What’s in Season?
Produce harvested at its peak is your sure bet for flavor and freshness.
By Barbara Kobsar | Illustration by Charmaine Koehler-Lodge
Snap Beans & Shell Beans
Now is the time to scoop up fresh beans at your farmers’ market. Both edible-pod snap beans and shell beans (those you have to shell) are ubiquitous through the summer months.
Snap beans (also called string beans) are harvested when they are young and their pods are still edible. You’ll find many colors—green, purple, yellow (wax beans), and even speckled—as well as many shapes: Look for skinny haricots verts, wide and flat Romanos, and super-long Asian varieties. All can be served steamed, stir-fried, or raw, and all will tempt your palate in side dishes and salads or with dips.
Shell beans hold their goodness inside their pods. Available in late summer and early autumn, they have a sweet and creamy taste that can’t be matched by dried beans. Edamame (immature soybeans), Italian butter beans (a type of lima bean), and the beautiful red speckled cranberry beans (borlotti) are varieties to look for. You might also find fresh fava (broad beans), chickpeas (garbanzos), black beans, and scarlet runners sold in their shells.
Microgreens & Sprouts
Want to learn more about the tiny greens you’re seeing more and more often at markets? Visit Metta Micros at the Walnut Creek Sunday market for Vidisha Salunke and Somesh Dhawas’s eye-catching display of pea, mustard, mung bean, broccoli, beet, and arugula microgreens and sprouts. These owner/growers use all organic seeds (and soil) for their year-round production of microgreens and sprouts.
Sprouts are grown in jars, and you eat both the seed and the plant. They require a lot of care to grow, since they have to be rinsed three times a day. But the process is quick—three to five days from soaked seeds to sprouts—and growing them can be a kid-friendly project.
Microgreens take between one and two weeks for the greens to be market ready. They are sold either as living trays (growing in soil or another medium) or cut and packed, ready to serve in salads, on top of pizzas, or in sushi rolls.
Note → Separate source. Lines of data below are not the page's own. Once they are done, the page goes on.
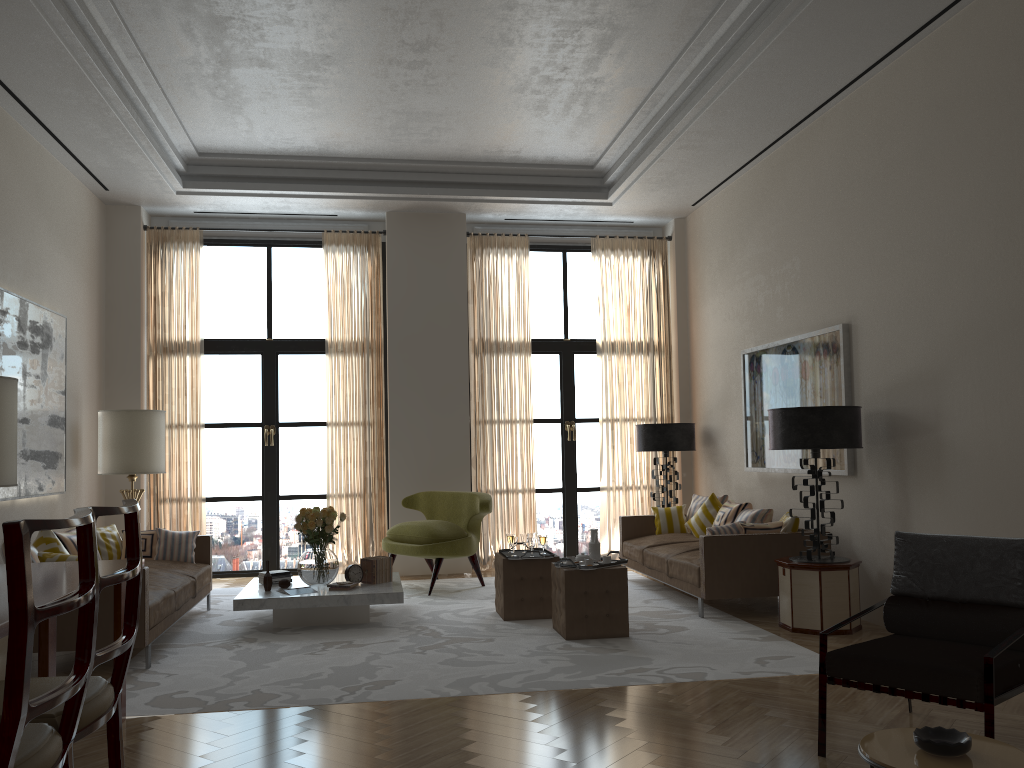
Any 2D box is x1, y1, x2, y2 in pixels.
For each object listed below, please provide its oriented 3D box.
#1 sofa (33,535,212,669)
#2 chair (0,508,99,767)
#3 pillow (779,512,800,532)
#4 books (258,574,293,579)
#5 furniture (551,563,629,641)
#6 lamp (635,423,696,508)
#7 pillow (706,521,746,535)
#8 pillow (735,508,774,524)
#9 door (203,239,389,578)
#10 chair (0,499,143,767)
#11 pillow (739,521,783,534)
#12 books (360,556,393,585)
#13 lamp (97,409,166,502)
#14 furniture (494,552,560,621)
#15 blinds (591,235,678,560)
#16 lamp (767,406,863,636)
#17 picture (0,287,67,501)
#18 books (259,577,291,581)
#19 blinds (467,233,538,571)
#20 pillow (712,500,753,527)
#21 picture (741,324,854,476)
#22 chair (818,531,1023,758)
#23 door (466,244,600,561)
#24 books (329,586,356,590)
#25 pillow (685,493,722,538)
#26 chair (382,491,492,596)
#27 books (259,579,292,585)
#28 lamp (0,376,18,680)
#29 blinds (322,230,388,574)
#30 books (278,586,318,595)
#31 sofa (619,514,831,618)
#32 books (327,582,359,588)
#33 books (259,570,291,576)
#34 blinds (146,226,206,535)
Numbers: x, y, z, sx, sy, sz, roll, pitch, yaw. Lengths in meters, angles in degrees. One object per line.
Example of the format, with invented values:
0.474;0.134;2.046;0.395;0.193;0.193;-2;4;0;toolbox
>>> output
-3.746;1.976;8.291;1.351;0.818;2.984;0;-4;-9;sofa
-1.762;1.156;2.680;0.878;1.503;0.657;-1;-3;-9;chair
2.809;1.574;9.148;0.296;0.475;0.516;-2;-4;12;pillow
-2.480;2.010;9.286;0.281;0.024;0.230;3;-6;-44;books
0.707;1.970;8.125;0.613;0.615;0.614;-1;-4;-9;furniture
2.165;1.568;12.363;0.829;2.015;0.831;-1;-3;-5;lamp
2.127;1.604;8.983;0.498;0.427;0.327;0;-4;-21;pillow
2.681;1.678;10.004;0.371;0.565;0.661;0;-4;-14;pillow
-3.396;0.320;12.509;3.258;4.760;0.240;-1;-3;-9;door
-1.876;1.208;3.316;0.878;1.503;0.657;-1;-3;-9;chair
2.494;1.601;9.006;0.464;0.411;0.304;0;-3;-11;pillow
-1.412;1.933;9.228;0.211;0.264;0.282;-4;-5;41;books
-4.595;1.453;10.725;0.768;2.251;0.768;-4;-4;44;lamp
0.154;2.055;9.078;0.613;0.615;0.614;-1;-4;-9;furniture
1.814;0.254;13.119;1.242;4.867;0.419;-1;-3;-7;blinds
2.825;1.232;8.190;0.829;2.015;0.831;-1;-3;-8;lamp
-4.815;0.110;8.472;0.045;1.995;3.066;-1;-4;-9;picture
-2.479;2.033;9.272;0.207;0.024;0.262;-5;-6;44;books
-0.137;0.268;12.807;0.960;4.867;0.420;-1;-3;-7;blinds
2.561;1.645;10.373;0.403;0.546;0.618;-1;-4;-6;pillow
3.065;0.238;9.728;0.080;1.478;2.270;-1;-4;-11;picture
2.345;1.428;4.873;1.135;1.133;0.878;2;-5;-44;chair
0.844;0.290;13.190;3.086;4.760;0.240;-1;-3;-9;door
-1.692;2.027;8.832;0.197;0.024;0.256;-2;-4;8;books
2.446;1.651;10.932;0.767;0.616;0.356;-4;-4;35;pillow
-1.023;1.971;11.105;1.030;1.212;1.792;2;-5;-42;chair
-2.477;2.064;9.282;0.281;0.035;0.207;3;-6;-42;books
-3.859;1.083;6.126;0.768;2.251;0.768;2;-4;-43;lamp
-2.209;0.282;12.473;0.874;4.867;0.419;-1;-3;-6;blinds
-2.108;2.018;8.689;0.281;0.038;0.384;2;-5;-36;books
2.283;2.005;10.178;1.351;0.818;2.984;0;-4;-9;sofa
-1.682;2.003;8.836;0.255;0.026;0.202;-2;-5;16;books
-2.485;1.982;9.278;0.260;0.030;0.207;3;-6;-42;books
-4.571;0.304;12.094;0.780;4.879;0.420;-1;-3;-7;blinds
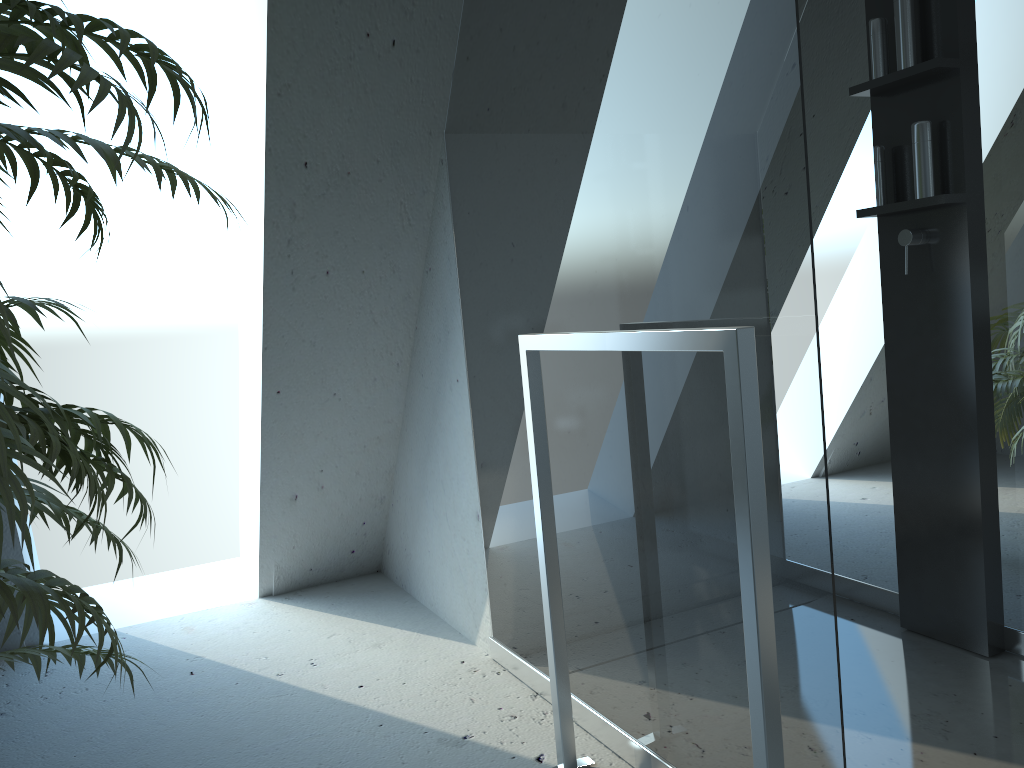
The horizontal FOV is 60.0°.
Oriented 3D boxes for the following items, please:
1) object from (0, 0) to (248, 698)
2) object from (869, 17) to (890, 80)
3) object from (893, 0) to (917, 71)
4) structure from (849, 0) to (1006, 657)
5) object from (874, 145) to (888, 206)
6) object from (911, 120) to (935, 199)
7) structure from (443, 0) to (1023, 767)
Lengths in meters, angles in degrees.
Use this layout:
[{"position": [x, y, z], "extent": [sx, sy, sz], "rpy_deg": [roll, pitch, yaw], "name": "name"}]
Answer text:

Metta Micros’s tagline is “microgreens for special beings.” With this relatively new venture, Salunke and Dhawas hope to enable their autistic son, Sohum, develop valuable life skills. He is passionate about his work and helps weigh seeds, water, and label. ´
Veteran journalist Barbara Kobsar has authored two cookbooks focusing on traditional home-cooked meals using local produce. You’ll find her each Sunday at the Walnut Creek market and on Saturdays at the Orinda and San Ramon markets selling her Cottage Kitchen jams and jellies made from farmers’ market produce.
Artist Charmaine Koehler-Lodge grows most of her family’s food in their rural Pennsylvania garden.
Shell Bean & Microgreens Crostini
Makes about 20 crostini
1 cup cooked shell beans
½ cup extra virgin olive oil (divided)
¼ cup grated Parmigiano Reggiano
¼ teaspoon grated lemon zest
1 teaspoon fresh lemon juice
Salt and pepper to taste
1½–2 cups microgreens (broccoli, sunflower, or arugula)
1 baguette
1 garlic clove, halved crosswise
Add beans to a food processor and pulse until very coarsely chopped. Transfer half of the mixture to a bowl. Add ¼ cup olive oil, cheese, lemon zest and juice, salt, and pepper to the beans and purée until smooth. Empty the mixture into a bowl and gently fold in half the microgreens.
Cut baguette into ¼-inch slices and place on a rimmed baking sheet. Brush both sides of the slices using ¼ cup olive oil and sprinkle with salt and pepper. Place in 350° oven for about 10 minutes or until golden brown. When the slices are cool enough to handle, rub with cut side of garlic. Cool. Spoon bean mixture onto baguette toasts and top with microgreens.